Examination of a number of particular cases will fully elucidate the principles here set forth, and I do not wish to shirk this important task, even though I know that I shall appear tiresome to some readers. Following in the path of Adam Smith, I will risk some tediousness to gain clarity of exposition.
To begin with the simplest case, suppose that an isolated economizing individual inhabits a rocky island in the sea, that he finds only a single spring on the island, and that he is exclusively dependent upon it for satisfaction of his need for fresh water. Assume that this isolated individual needs: (a) one unit of water
daily for the maintenance of his life, (b) nineteen units for the animals whose milk and meat provide him with the most necessary means of subsistence, (c) forty units, partly so that he may consume the full quantity necessary to the maintenance not only of his life but also his health; partly, to the extent necessary for the continuance of his health and general well-being, to clean his body, his clothes, and his implements; and partly for the support of some additional animals whose milk and meat he finds needful, and finally (d) forty additional units of water daily, partly for his flower garden, and partly for some animals, which he keeps, not for the maintenance of his life and health, but simply for the purpose of a more varied diet, or for mere companionship. Assume too that he does not know how to employ more than this total of one hundred units of water.
As long as the spring provides water so copiously that he can not only satisfy all his needs for water but let several thousand pails flow into the sea every day, and thus as long as the satisfaction of none of his needs depends upon whether he has one unit more or one unit less (e.g., one pail full) at his disposal, a unit of
water will, as we have seen, have neither economic character nor value to him, and thus there can be no question of the magnitude of its value. But if some natural event should now suddenly cause the spring to become partially exhausted, and if our island dweller should, as a result, have only 90 units of water at his disposal while he continues to require 100 units for the full satisfaction of his needs, it is clear that some satisfaction would then be dependent on the availability of each portion of the whole supply of water, and hence that each particular unit of water would attain that significance for him that we call value.

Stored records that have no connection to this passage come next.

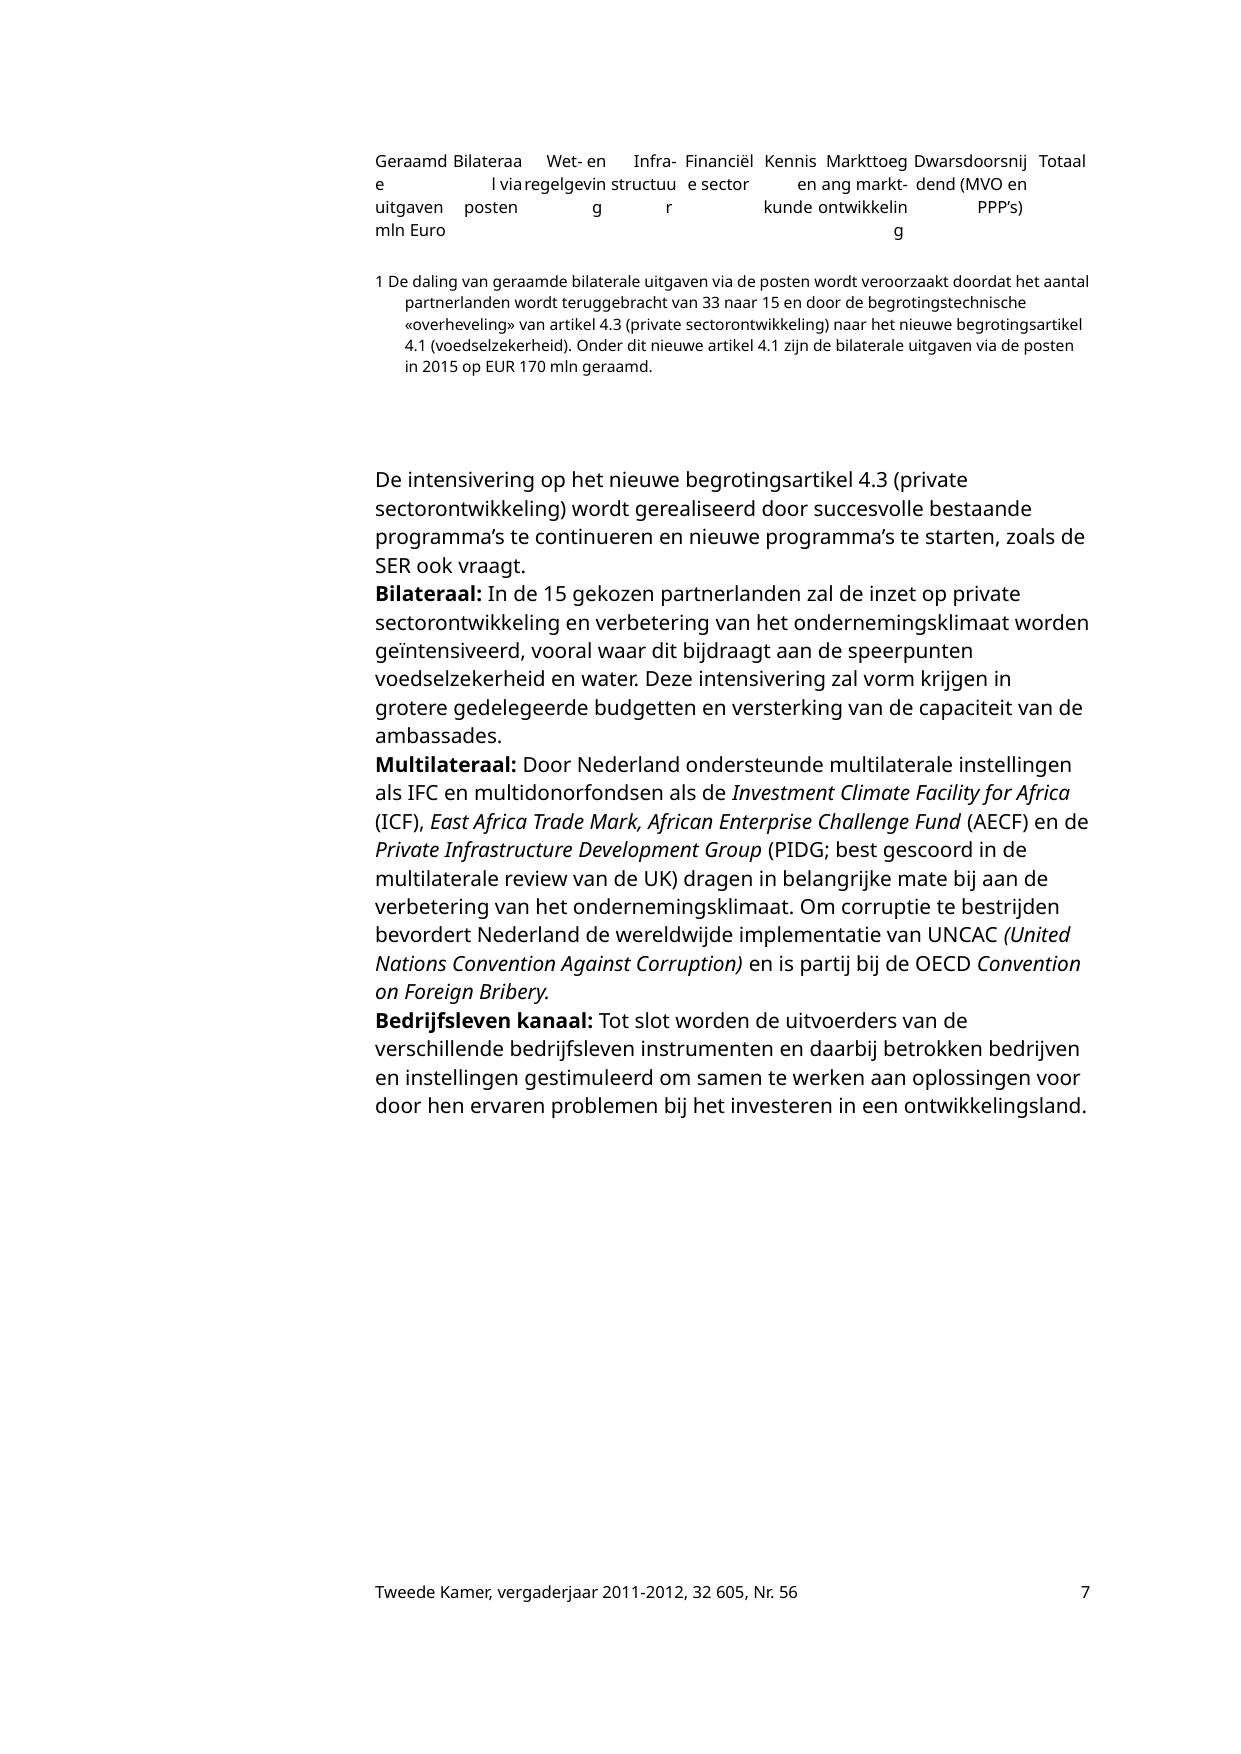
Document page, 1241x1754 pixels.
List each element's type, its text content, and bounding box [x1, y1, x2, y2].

table_header Markttoegang markt- ontwikkeling [817, 150, 908, 271]
table_header Financiële sector [676, 150, 753, 271]
text De intensivering op het nieuwe begrotingsartikel 4.3 (private sectorontwikkeling) wordt gerealiseerd door succesvolle bestaande programma’s te continueren en nieuwe programma’s te starten, zoals de SER ook vraagt. [375, 466, 1090, 579]
text Multilateraal: Door Nederland ondersteunde multilaterale instellingen als IFC en multidonorfondsen als de Investment Climate Facility for Africa (ICF), East Africa Trade Mark, African Enterprise Challenge Fund (AECF) en de Private Infrastructure Development Group (PIDG; best gescoord in de multilaterale review van de UK) dragen in belangrijke mate bij aan de verbetering van het ondernemingsklimaat. Om corruptie te bestrijden bevordert Nederland de wereldwijde implementatie van UNCAC (United Nations Convention Against Corruption) en is partij bij de OECD Convention on Foreign Bribery. [375, 750, 1090, 1006]
table_header Kennis en kunde [754, 150, 817, 271]
table_header Bilateraal via posten [452, 150, 522, 271]
table_header Infra-structuur [606, 150, 676, 271]
table_header Dwarsdoorsnijdend (MVO en PPP’s) [908, 150, 1027, 271]
table_header Totaal [1027, 150, 1090, 271]
table_header Geraamde uitgaven mln Euro [375, 150, 452, 271]
text Bilateraal: In de 15 gekozen partnerlanden zal de inzet op private sectorontwikkeling en verbetering van het ondernemingsklimaat worden geïntensiveerd, vooral waar dit bijdraagt aan de speerpunten voedselzekerheid en water. Deze intensivering zal vorm krijgen in grotere gedelegeerde budgetten en versterking van de capaciteit van de ambassades. [375, 579, 1090, 750]
table_header Wet- en regelgeving [522, 150, 606, 271]
table_cell 1 De daling van geraamde bilaterale uitgaven via de posten wordt veroorzaakt doordat het aantal partnerlanden wordt teruggebracht van 33 naar 15 en door de begrotingstechnische «overheveling» van artikel 4.3 (private sectorontwikkeling) naar het nieuwe begrotingsartikel 4.1 (voedselzekerheid). Onder dit nieuwe artikel 4.1 zijn de bilaterale uitgaven via de posten in 2015 op EUR 170 mln geraamd. [375, 271, 1090, 407]
text Bedrijfsleven kanaal: Tot slot worden de uitvoerders van de verschillende bedrijfsleven instrumenten en daarbij betrokken bedrijven en instellingen gestimuleerd om samen te werken aan oplossingen voor door hen ervaren problemen bij het investeren in een ontwikkelingsland. [375, 1006, 1090, 1119]
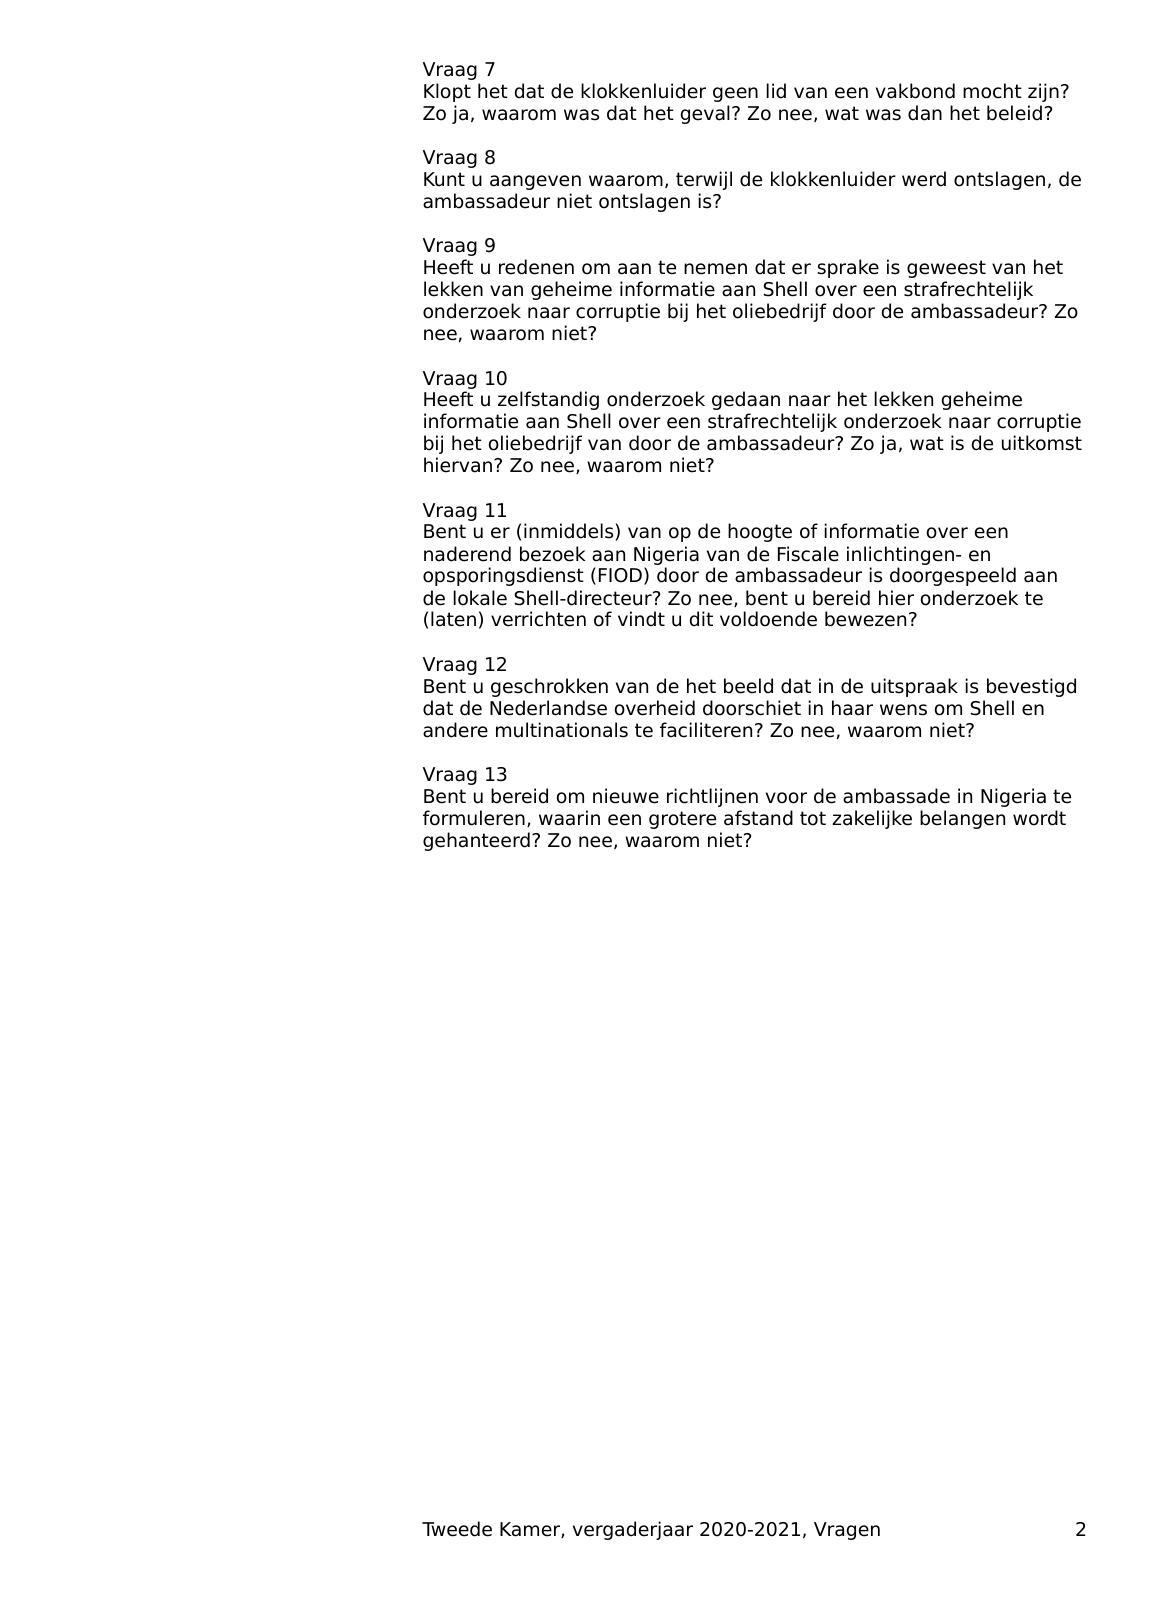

If we now, however, ask which of his satisfactions is, in this case, dependent on a given portion of the 90 units of water available to him, on 10 units for instance, our question takes the following form: which satisfactions of our isolated individual would not be attained if he did not have this given portion of the supply at his disposal-that is, if he should have only 80 instead of go units?
Nothing is more certain than that our economizing individual would continue, even if he had only 80 units of water available daily, to consume the quantity necessary for the preservation of his life, and as much more as will maintain as many animals as are indispensable for keeping him alive. Since these purposes require
only 20 units of water daily, he would apply the remaining 60 units first to the satisfaction of all the needs on which his health and his continuing general well-being depend. Since for this purpose he requires a total of only 40 pails of water daily, he would have 20 units left, which could be employed for purposes of mere enjoyment. The last 20 units could thus maintain either his flower garden or the animals he owns purely for pleasure. He would certainly choose, from the two satisfactions, the one appearing to him to be the more important, and would neglect the less important one.
When our Crusoe has 90 units of water available to him daily, the question whether he will continue to have this quantity or 10 units less at his disposal is, for him, equivalent to the question whether or not he will be in a position to continue to satisfy the least important needs that are being satisfied with 10 units of water daily. As long, therefore, as a total quantity of go units continues at his disposal, 10 units of water will have only the importance of these least important satisfactions-that is, only the importance of relatively insignificant enjoyments.